Они пробыли здесь недолго. И все же после малышей осталась пустота. Дело не в их голосах и не в облике, просто после них в комнате осталось какое-то особенное беззвучное тепло. Он все время думал, как они там. Надо надеяться, что Щепка сумеет прояснить ситуацию. Хотя вряд ли стоит очень уж обольщаться, вид у него перед уходом был совсем измученный, бледный и жалкий. Вдобавок еще и водки незнамо сколько вылакал — куда больше литра из тех трех, что были у них в запасе. Тоже хорошего мало.
Право слово, удивительно, как иные способны накачиваться.
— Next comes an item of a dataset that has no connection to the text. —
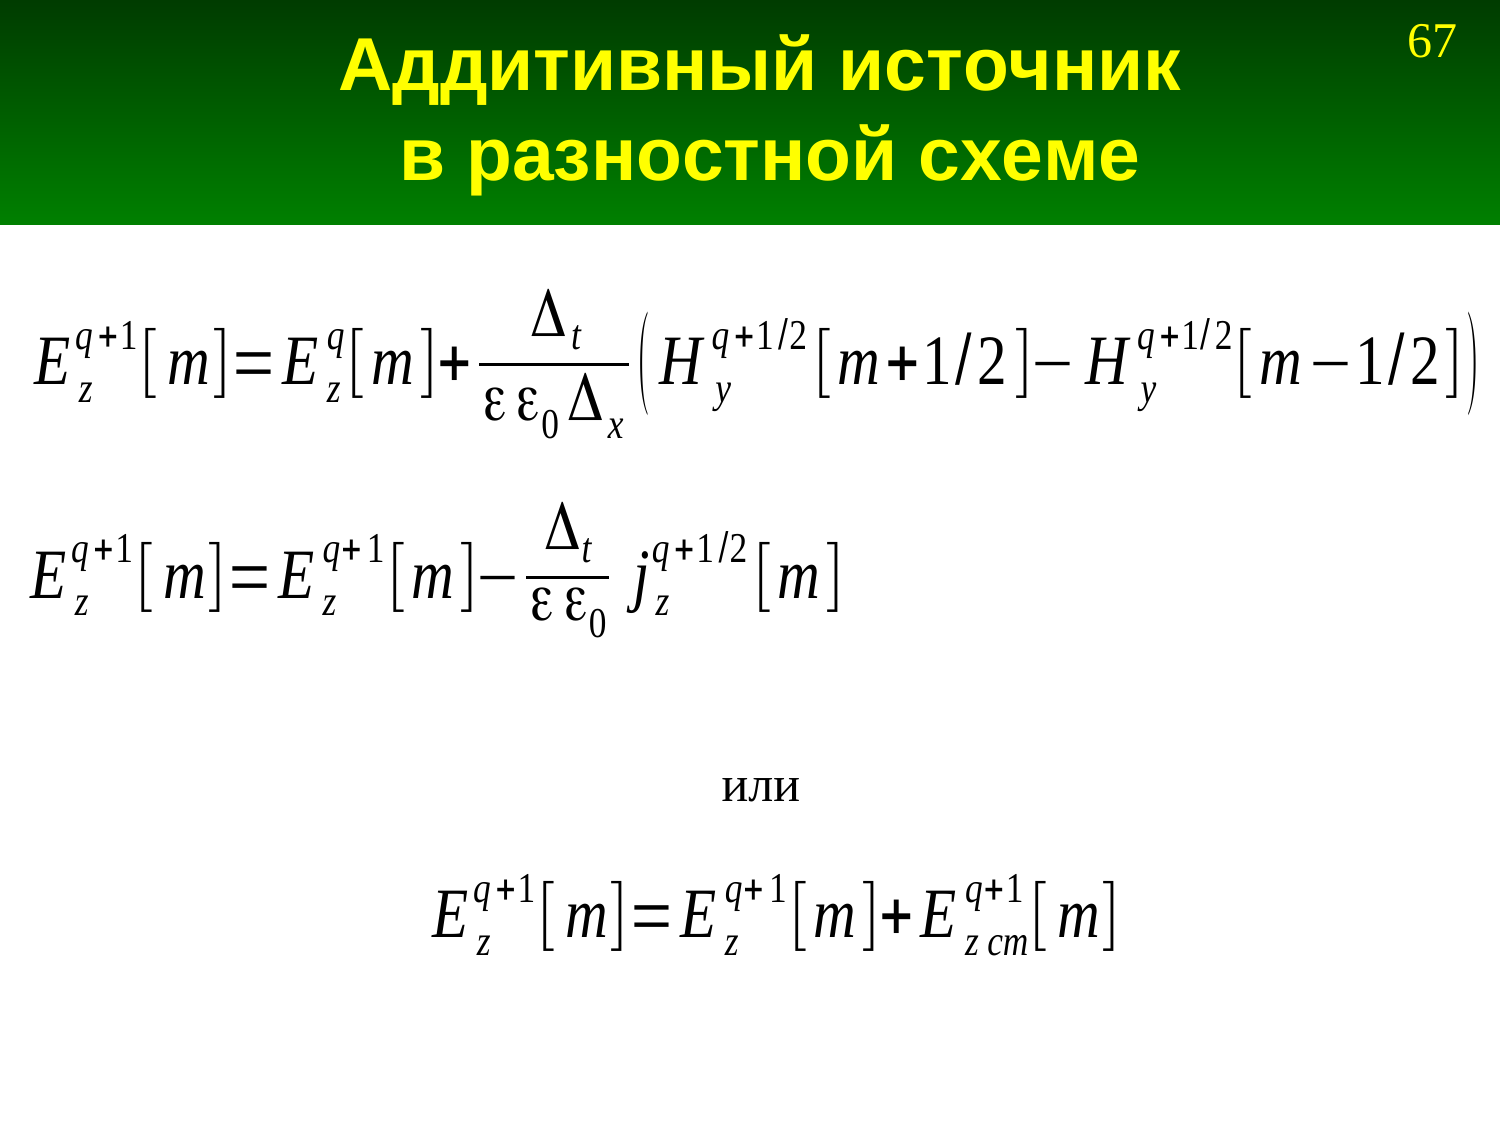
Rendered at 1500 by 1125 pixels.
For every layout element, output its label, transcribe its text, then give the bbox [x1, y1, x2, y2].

А платил-то он, из выручки за краны! Всю жизнь мечтал! Торстен ощупал карман старой кожаной куртки: там ли бумажка с расчетами? Не мешало бы вскорости все проверить да подвести черту. Он точно помнил, что сунул эту записку в карман (давеча, когда показывал ее Щепке). Там и вправду есть какая-то мятая бумажка. Но не та. Другая. Лоскуток старого картона, который он, сонный и злой, утром этого долгого дня отхватил от обложки телефонного справочника, чтобы черкнуть адрес. Рассеянно перечитав записку, теперь уже совершенно ненужную, он спрятал ее обратно в карман. А треклятый листок с расчетами, должно быть, остался в машине, в бардачке. Сейчас у него нет ни времени, ни охоты идти на улицу и разыскивать его. Ну и ладно, обойдемся. В крайнем случае можно все записать еще раз. Что ни говори, память у него — дай Бог каждому.
Несмотря на все бутылки, литры и стаканы, надо сказать.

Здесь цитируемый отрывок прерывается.